On the day, Liverpool just seemed to freeze…the Wembley fear…but a 100 degree temperature led to a sterile 0-0 at 90mins. Extra time and the game became dramatic. Heighway jinked in from the left and delivered what looked like a killer blow to Arsenal. But we reckoned without the change of fortunes. One of my most abiding nightmares, watching Charlie George lying in the grass celebrating a wonder goal late in the game, which Arsenal took in extra time 2-1. The comeback did Liverpool in and I sat despondent watching a young team sadly trudging away. My curse. I always have supported underdogs and in neutral situations always felt sympathy for losers. I felt as if something incomplete had occurred and there must be more to go.

The summer of 71 was eventful anyway. Laver lost at Wimbledon and so did Pakistan at Leeds to England. It seemed that the losing streak continued for all my favourites. Come new League season, I found I had a new passion. It had come late to me in the scheme of things, but did it arrive with a bang.

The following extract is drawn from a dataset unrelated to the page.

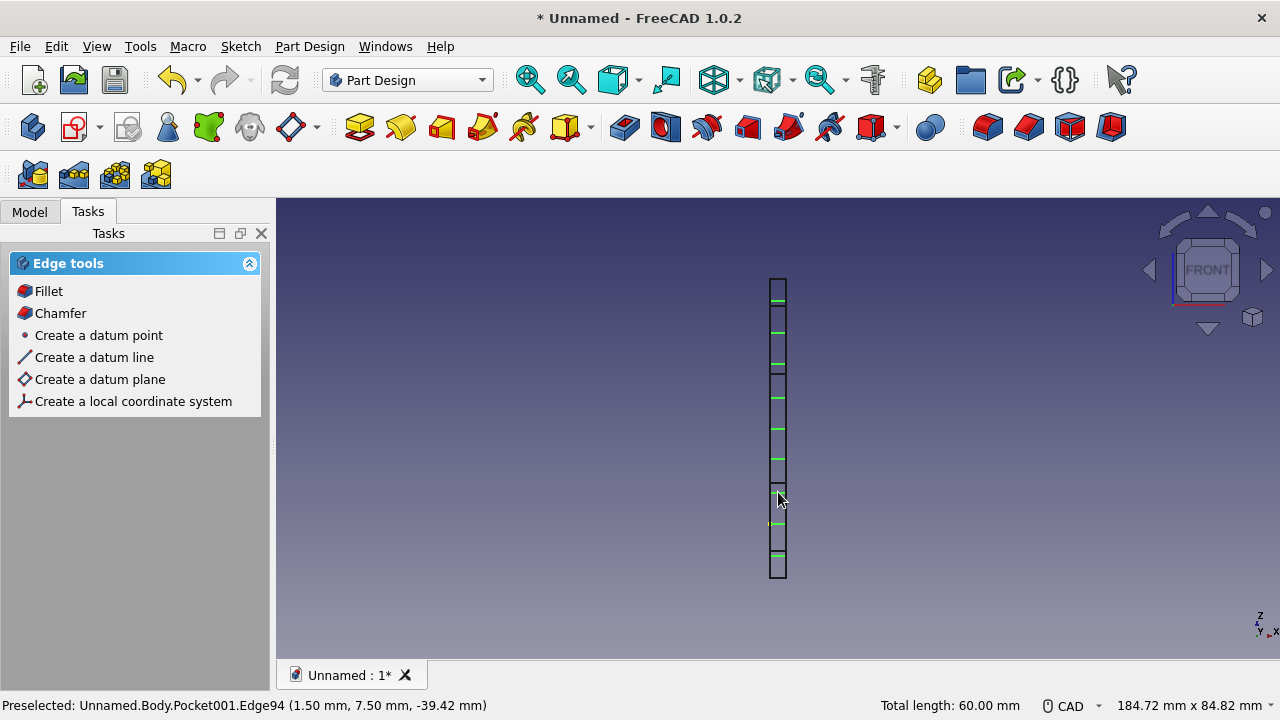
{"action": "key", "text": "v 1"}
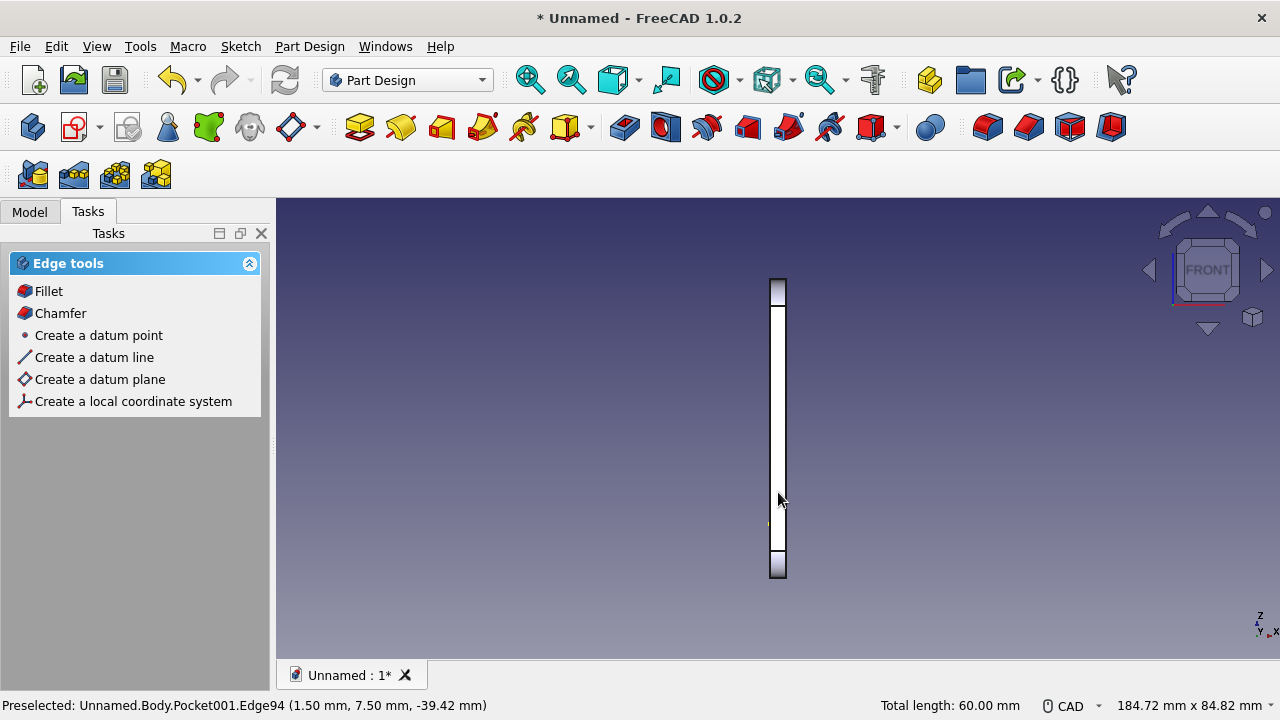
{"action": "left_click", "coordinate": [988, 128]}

My despondency at Liverpool’s loss converted to support for them and I became one of Anfield’s millions of legions of followers. And what a fateful time to enter the fray. I am convinced I brought them luck.

Down the years of the 70s and 80s it was like finding the pot of gold at the end of the rainbow. That same young team under Shanks and then new recruits under Paisley, later Fagan, Moran and finally King Kenny, poured rich rewards into my lap. Some 11 championships, several FA Cups and League Cups and above all 4 European Cups later one almost felt satiated. Liverpool became the premier football club in the world.

The memories are magic. Fairclough scoring a wonder goal vs St Etienne, Tommy Smith desperately rising above the Borussia Munchengladbach defence to head home, to take the European Cup in Rome, Souness lording it over the Anfield pitch, Grobbelaar dancing in the goal to save Roma penalties and deliver another European Cup in 1984, Rush scoring a triumphant goal vs Everton to win the double finally in 1986, that wonder performance vs Notts Forest which dealt a 5-0 blow in 1988, and above all King Kenny holding trophies aloft and grinning his grin.

Its not just one way memories only. Passion cannot be built on success alone. It comes as a package. It requires failures and heartbreaks too. So the awful day in 1985 at Heysel and another awful one in 1989 at Hillsborough, death dealt in multiples, and in footballing terms that terrible moment when Michael Thomas rushed across the Anfield pitch to score and take away the League Championship in the dying seconds of the season in 1989, when they were probably putting Liverpool colours onto the trophy. Such heart wrenching moments…but it just grounded Liverpool more into ones heart.

So to return to Gerry and the Pacemakers. They are long gone, but there one abiding memory resides on the Anfield terraces and wherever the supporters go. They reside in millions of hearts across the world, who lie dormant waiting for The Liverpool dream to come back once more. The feel is right and the door is opening once more. One just feels this is 1971 all over again.